Altro fattore di distanza da Bruxelles riguarda la pesca del merluzzo e degli sgombri. Già a dicembre l’Europa aveva sanzionato l’Islanda e le isole Far Oer a causa delle richieste di Oslo ed Edimburgo che lamentavano l’eccessiva presenza islandese nell’Oceano. L’economia islandese forma il 40 per cento del suo export con il pescato ed è l'unica, insieme a Norvegia e Giappone, che continua a cacciare le balene. L’Islanda, per tutta risposta, additava la controparte, e il tutto si concluse in una lunga serie di accuse vicendevoli e un nulla di fatto.
I rapporti con l’Europa si sono raffreddati già quattro anni fa. Le tre grandi banche islandesi, che dominavano il settore finanziario, avevano gonfiato artificialmente il valore delle proprie azioni comprandosele a vicenda, raggiungendo un patrimonio pari a 8 volte il Pil della nazione e celando il tutto sotto il tappeto, dietro aziende fittizie stanziate in paradisi fiscali. Le stesse banche avevano creato conti online ad alto rendimento – gli Icesave – pubblicizzati a inglesi e olandesi, che avevano così acquistato parte del patrimonio non reale degli istituti bancari. Quando il Fmi chiese al governo islandese un resoconto dell’azione delle sue banche, l’esecutivo locale si trovò in braghe di tela e fu costretto a chiedere un prestito di circa 5 miliardi alla Bce per sanare la situazione. Ma era tardi per fermare la sfiducia del mercato internazionale: il valore delle azioni e degli immobili precipitarono e le banche fallirono.

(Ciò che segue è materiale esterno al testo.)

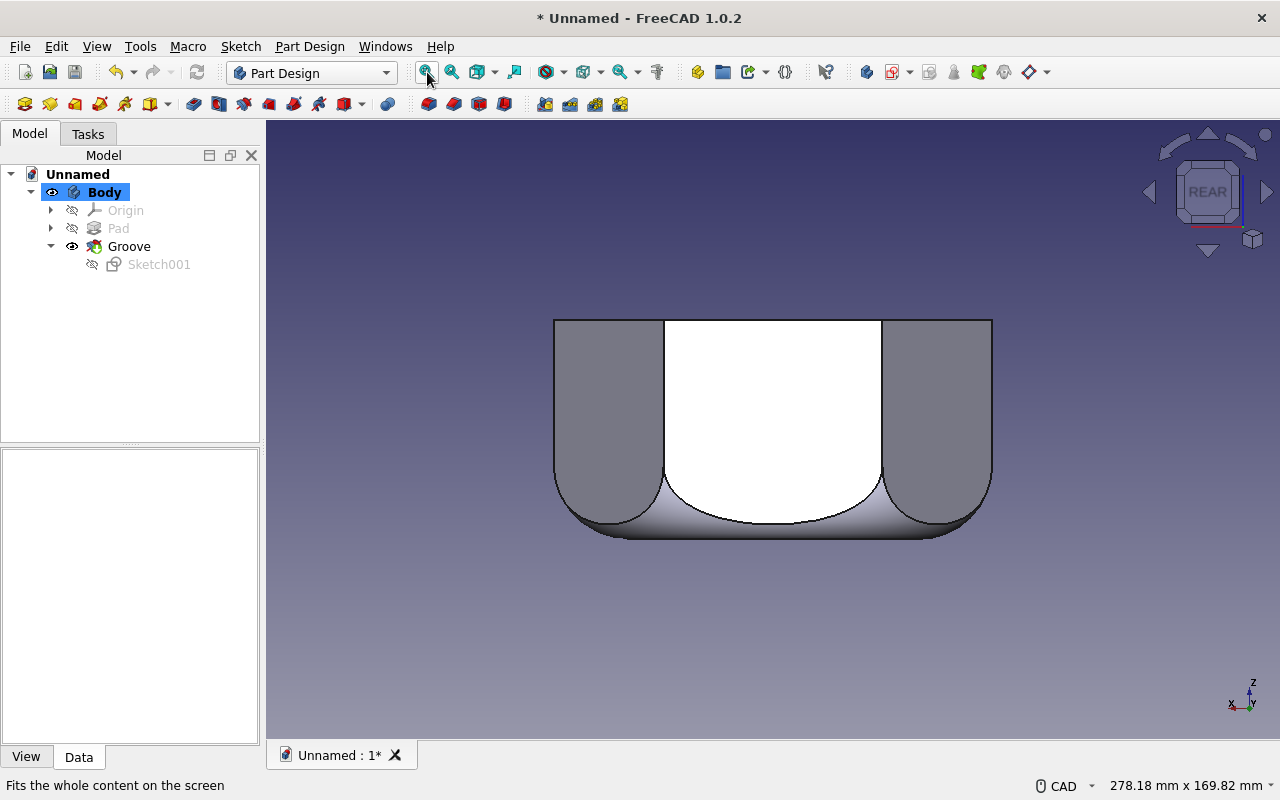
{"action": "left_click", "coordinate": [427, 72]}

Fu soltanto l’azione della leader Sigurðardóttir a salvare la situazione, nazionalizzando le tre banche e indicendo un referendum sul pagamento dei debiti contratti con i paesi stranieri. Il risultato: con il 93 per cento dei consensi, l’Islanda decise di non pagare nulla. L’Islanda ha svalutato la corona – sua moneta locale – di oltre il 40 per cento e fatto ripartire le esportazioni di pescato, alluminio, energia. Il crollo della corona ha però spinto in alto i prezzi mentre i salari reali e le quotazioni degli immobili cadevano e le tasse aumentavano vertiginosamente, dovute soprattutto al necessario rimborso degli aiuti dell'Fmi. Gli islandesi, con un potere d'acquisto calato del 30-40 per cento, dovettero affrontare mutui per una decina di miliardi di euro, aumentando così il rischio d’insolvenze. Si additò l’Europa come colpevole di questa condizione, e il risultato delle elezioni ne è diretta conseguenza.